*Task item*:
Starting at the line containing "subtitle What Is" and ending at the line containing "Rendered at 1241 by 1754 pixels.", transcribe the listing below exactly. Keep both end lines, skip the pictures, and copy nothing else.

· · · ·

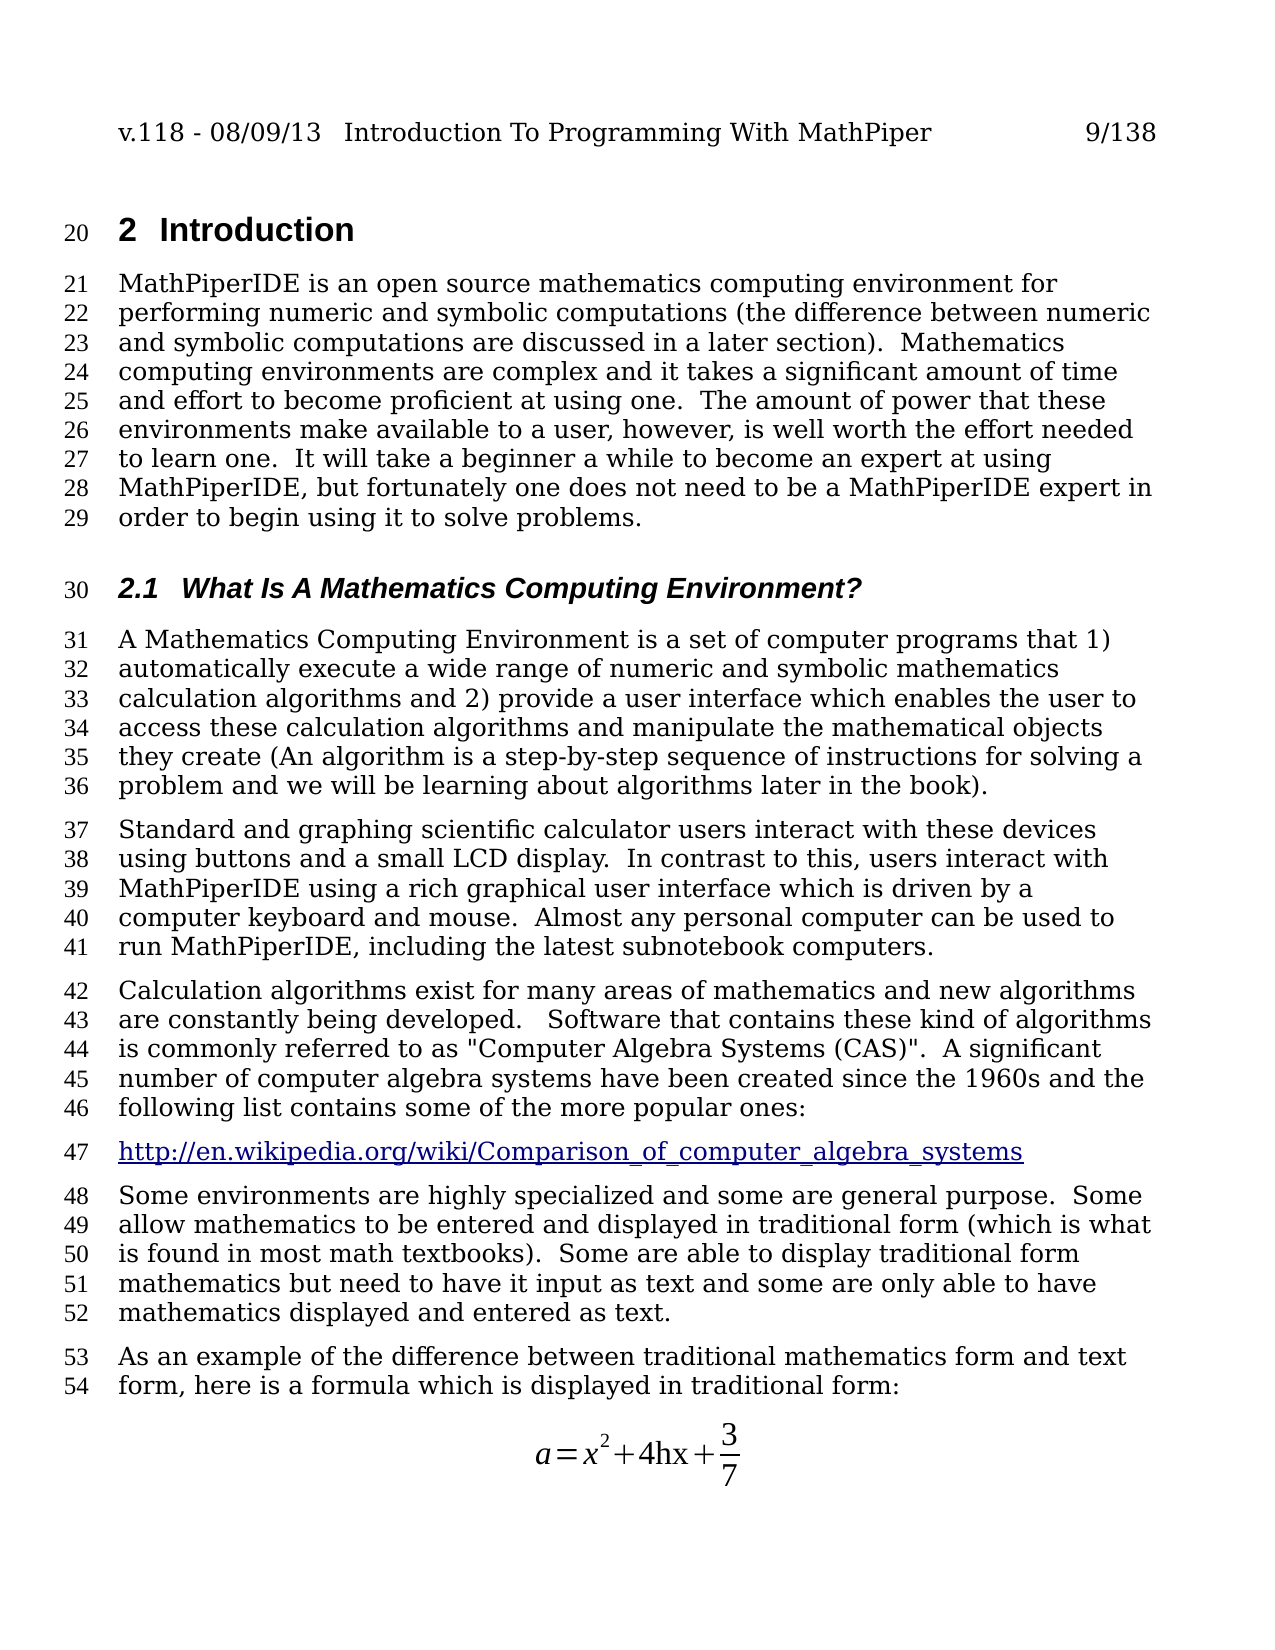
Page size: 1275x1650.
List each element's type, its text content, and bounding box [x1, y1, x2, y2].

text Standard and graphing scientific calculator users interact with these devices using buttons and a small LCD display. In contrast to this, users interact with MathPiperIDE using a rich graphical user interface which is driven by a computer keyboard and mouse. Almost any personal computer can be used to run MathPiperIDE, including the latest subnotebook computers. [118, 815, 1157, 961]
text http://en.wikipedia.org/wiki/Comparison_of_computer_algebra_systems [118, 1137, 1157, 1166]
text MathPiperIDE is an open source mathematics computing environment for performing numeric and symbolic computations (the difference between numeric and symbolic computations are discussed in a later section). Mathematics computing environments are complex and it takes a significant amount of time and effort to become proficient at using one. The amount of power that these environments make available to a user, however, is well worth the effort needed to learn one. It will take a beginner a while to become an expert at using MathPiperIDE, but fortunately one does not need to be a MathPiperIDE expert in order to begin using it to solve problems. [118, 269, 1157, 532]
subtitle What Is A Mathematics Computing Environment? [118, 571, 1157, 604]
text A Mathematics Computing Environment is a set of computer programs that 1) automatically execute a wide range of numeric and symbolic mathematics calculation algorithms and 2) provide a user interface which enables the user to access these calculation algorithms and manipulate the mathematical objects they create (An algorithm is a step-by-step sequence of instructions for solving a problem and we will be learning about algorithms later in the book). [118, 625, 1157, 800]
text Some environments are highly specialized and some are general purpose. Some allow mathematics to be entered and displayed in traditional form (which is what is found in most math textbooks). Some are able to display traditional form mathematics but need to have it input as text and some are only able to have mathematics displayed and entered as text. [118, 1181, 1157, 1327]
text Calculation algorithms exist for many areas of mathematics and new algorithms are constantly being developed. Software that contains these kind of algorithms is commonly referred to as "Computer Algebra Systems (CAS)". A significant number of computer algebra systems have been created since the 1960s and the following list contains some of the more popular ones: [118, 976, 1157, 1122]
text As an example of the difference between traditional mathematics form and text form, here is a formula which is displayed in traditional form: [118, 1342, 1157, 1400]
subtitle Introduction [118, 210, 1157, 248]
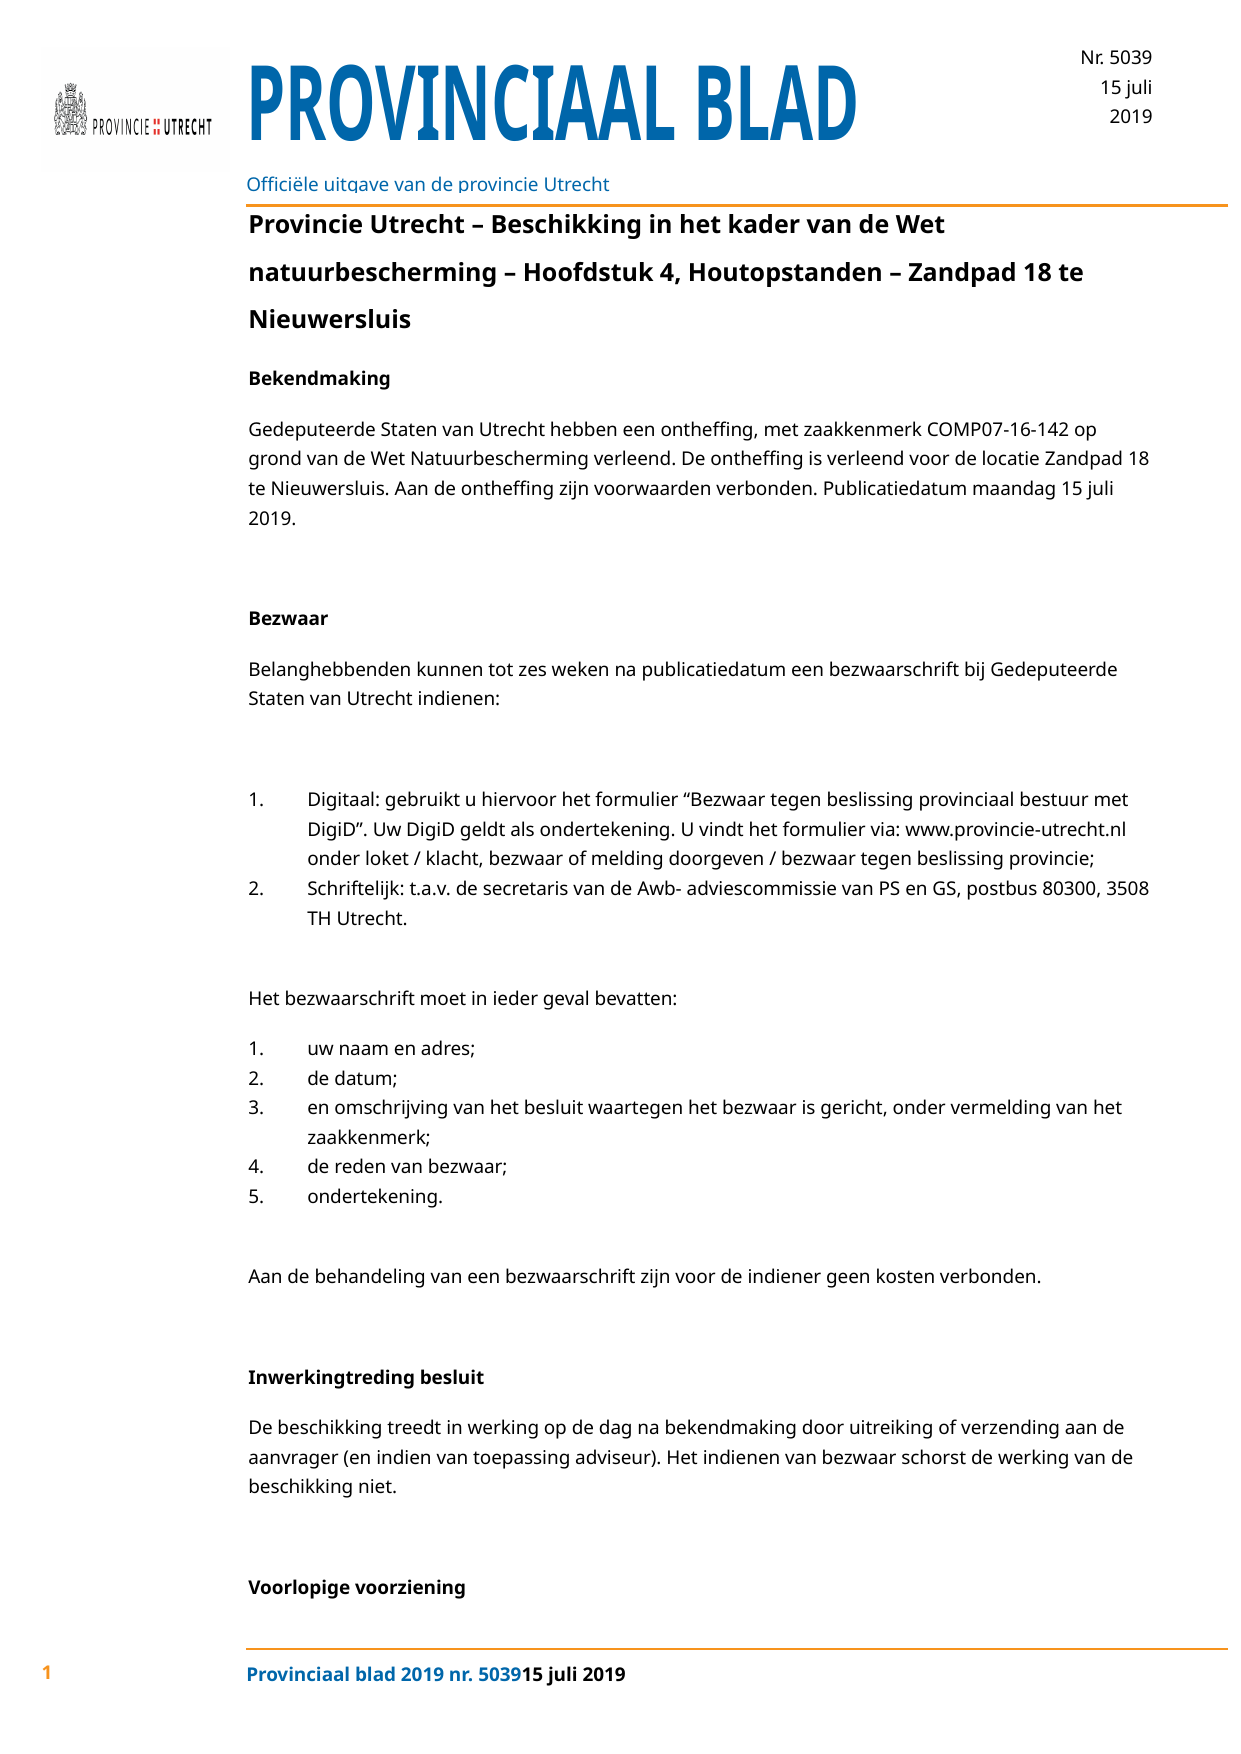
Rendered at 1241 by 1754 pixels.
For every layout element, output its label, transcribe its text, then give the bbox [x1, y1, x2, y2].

text Bekendmaking [248, 366, 1152, 391]
text Gedeputeerde Staten van Utrecht hebben een ontheffing, met zaakkenmerk COMP07-16-142 op grond van de Wet Natuurbescherming verleend. De ontheffing is verleend voor de locatie Zandpad 18 te Nieuwersluis. Aan de ontheffing zijn voorwaarden verbonden. Publicatiedatum maandag 15 juli 2019. [248, 416, 1152, 530]
text Aan de behandeling van een bezwaarschrift zijn voor de indiener geen kosten verbonden. [248, 1263, 1152, 1289]
list de reden van bezwaar; [248, 1153, 1152, 1179]
list ondertekening. [248, 1183, 1152, 1209]
list uw naam en adres; [248, 1035, 1152, 1061]
text Voorlopige voorziening [248, 1574, 1152, 1600]
picture [41, 47, 231, 172]
text De beschikking treedt in werking op de dag na bekendmaking door uitreiking of verzending aan de aanvrager (en indien van toepassing adviseur). Het indienen van bezwaar schorst de werking van de beschikking niet. [248, 1414, 1152, 1499]
text Het bezwaarschrift moet in ieder geval bevatten: [248, 985, 1152, 1010]
list de datum; [248, 1065, 1152, 1090]
text Provincie Utrecht – Beschikking in het kader van de Wet natuurbescherming – Hoofdstuk 4, Houtopstanden – Zandpad 18 te Nieuwersluis [248, 207, 1152, 336]
list Schriftelijk: t.a.v. de secretaris van de Awb- adviescommissie van PS en GS, postbus 80300, 3508 TH Utrecht. [248, 875, 1152, 930]
list en omschrijving van het besluit waartegen het bezwaar is gericht, onder vermelding van het zaakkenmerk; [248, 1094, 1152, 1149]
text Belanghebbenden kunnen tot zes weken na publicatiedatum een bezwaarschrift bij Gedeputeerde Staten van Utrecht indienen: [248, 656, 1152, 711]
text Inwerkingtreding besluit [248, 1364, 1152, 1389]
list Digitaal: gebruikt u hiervoor het formulier “Bezwaar tegen beslissing provinciaal bestuur met DigiD”. Uw DigiD geldt als ondertekening. U vindt het formulier via: www.provincie-utrecht.nl onder loket / klacht, bezwaar of melding doorgeven / bezwaar tegen beslissing provincie; [248, 786, 1152, 871]
text Bezwaar [248, 606, 1152, 631]
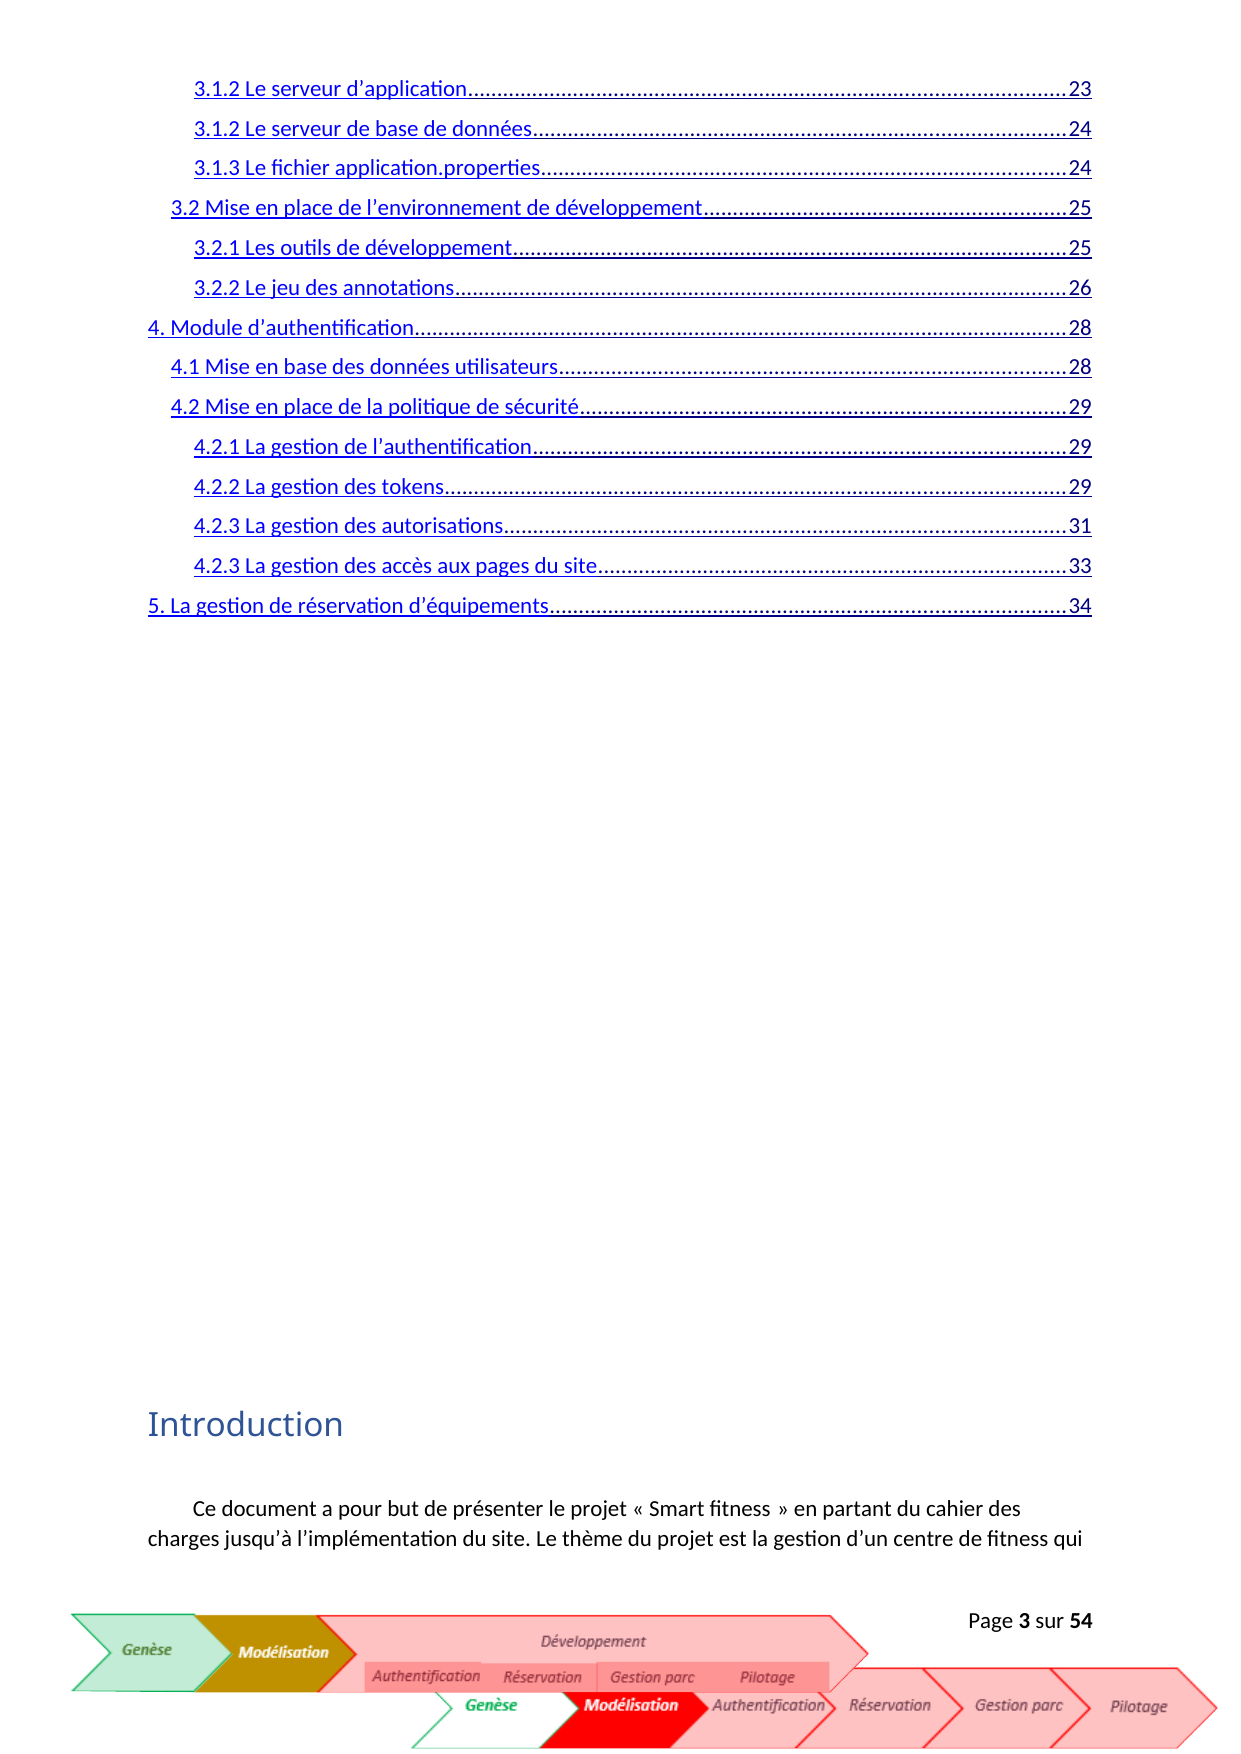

· · · ·

*Output of the task*:
subtitle What Is A Mathematics Computing Environment? [118, 571, 1157, 604]
text A Mathematics Computing Environment is a set of computer programs that 1) automatically execute a wide range of numeric and symbolic mathematics calculation algorithms and 2) provide a user interface which enables the user to access these calculation algorithms and manipulate the mathematical objects they create (An algorithm is a step-by-step sequence of instructions for solving a problem and we will be learning about algorithms later in the book). [118, 625, 1157, 800]
text Some environments are highly specialized and some are general purpose. Some allow mathematics to be entered and displayed in traditional form (which is what is found in most math textbooks). Some are able to display traditional form mathematics but need to have it input as text and some are only able to have mathematics displayed and entered as text. [118, 1181, 1157, 1327]
text Calculation algorithms exist for many areas of mathematics and new algorithms are constantly being developed. Software that contains these kind of algorithms is commonly referred to as "Computer Algebra Systems (CAS)". A significant number of computer algebra systems have been created since the 1960s and the following list contains some of the more popular ones: [118, 976, 1157, 1122]
text As an example of the difference between traditional mathematics form and text form, here is a formula which is displayed in traditional form: [118, 1342, 1157, 1400]
subtitle Introduction [118, 210, 1157, 248]
Rendered at 1241 by 1754 pixels.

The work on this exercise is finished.